5.14 Accounts Receivable. All accounts receivable reflected on the Estimated Closing Statement (the “Accounts Receivable”) have arisen in the ordinary course, represent valid obligations owing to Seller, and to the Knowledge of Seller, are not subject to valid defenses, offsets or counterclaims. None of the Accounts Receivable have been pledged or assigned to another Person.
5.15 Leased Real Property. Schedule 5.15 lists each property or premises currently leased or subleased by Seller (the “Leased Real Property”) and the street address and unit number of the Leased Real Property, which constitute all of the properties used by Seller in the conduct of its business as currently conducted. True, correct, and complete copies of all leases for the Leased Real Property and material amendments thereto have been made available to Buyer. Seller’s leasehold interests in Leased Real Property and any leasehold improvements are free and clear of all Liens.
5.16 Suppliers and Customers. Schedule 5.16 sets forth the ten (10) largest suppliers, based on the aggregate dollar amount of purchases made, and ten (10) largest customers, based on the aggregate dollar amount of purchases made or revenue received, (with related or affiliated Persons aggregated for purposes hereof) of Seller for the twelve (12) months ended November 30, 2018.

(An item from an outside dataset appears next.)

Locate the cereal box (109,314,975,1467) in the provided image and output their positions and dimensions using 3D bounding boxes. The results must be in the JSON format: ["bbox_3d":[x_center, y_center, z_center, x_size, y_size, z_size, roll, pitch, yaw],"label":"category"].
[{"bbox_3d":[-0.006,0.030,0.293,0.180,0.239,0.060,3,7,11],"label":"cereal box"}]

5.17 Brokers. No finder, broker, agent or other intermediary has acted for or on behalf of Seller in connection with the transactions contemplated by this Agreement, and there are no claims for any brokerage commissions, finder’s fee or similar payment due from Seller in connection herewith.
VI. Buyer’s Representations and Warranties. Buyer represents and warrants to Seller as follows:
6.1 Organization; Authority; Execution and Delivery; No Conflicts.

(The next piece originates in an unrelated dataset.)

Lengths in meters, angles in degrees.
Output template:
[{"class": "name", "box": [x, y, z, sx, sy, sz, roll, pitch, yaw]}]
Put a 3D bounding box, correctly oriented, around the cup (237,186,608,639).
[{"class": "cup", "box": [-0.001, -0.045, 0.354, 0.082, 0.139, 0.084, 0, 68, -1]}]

(a) Buyer is a limited liability company duly organized, validly existing, and in good standing under the laws of the Commonwealth of Virginia. Buyer has full power and authority to carry on its business as it is now being and is intended post-Closing to be conducted, to enter into this Agreement and the Transaction Documents and to purchase the Acquired Assets in accordance with the terms hereof. The execution, delivery, and performance of this Agreement and the Transaction Documents by Buyer, including without limitation, the purchase of the Acquired Assets contemplated hereby, have been duly and effectively authorized by Buyer’s members. No other limited liability company proceedings on the part of Buyer are necessary to authorize this Agreement, the Transaction Documents and the transactions contemplated hereby. This Agreement and each of the Transaction Documents to which Buyer is a party have been duly executed by Buyer and constitute the legal, valid, and binding obligation of Buyer, enforceable against Buyer in accordance with its terms, except as enforcement thereof may be limited by bankruptcy, insolvency, or other similar laws affecting the enforcement of creditors’ rights generally or by general principles of equity.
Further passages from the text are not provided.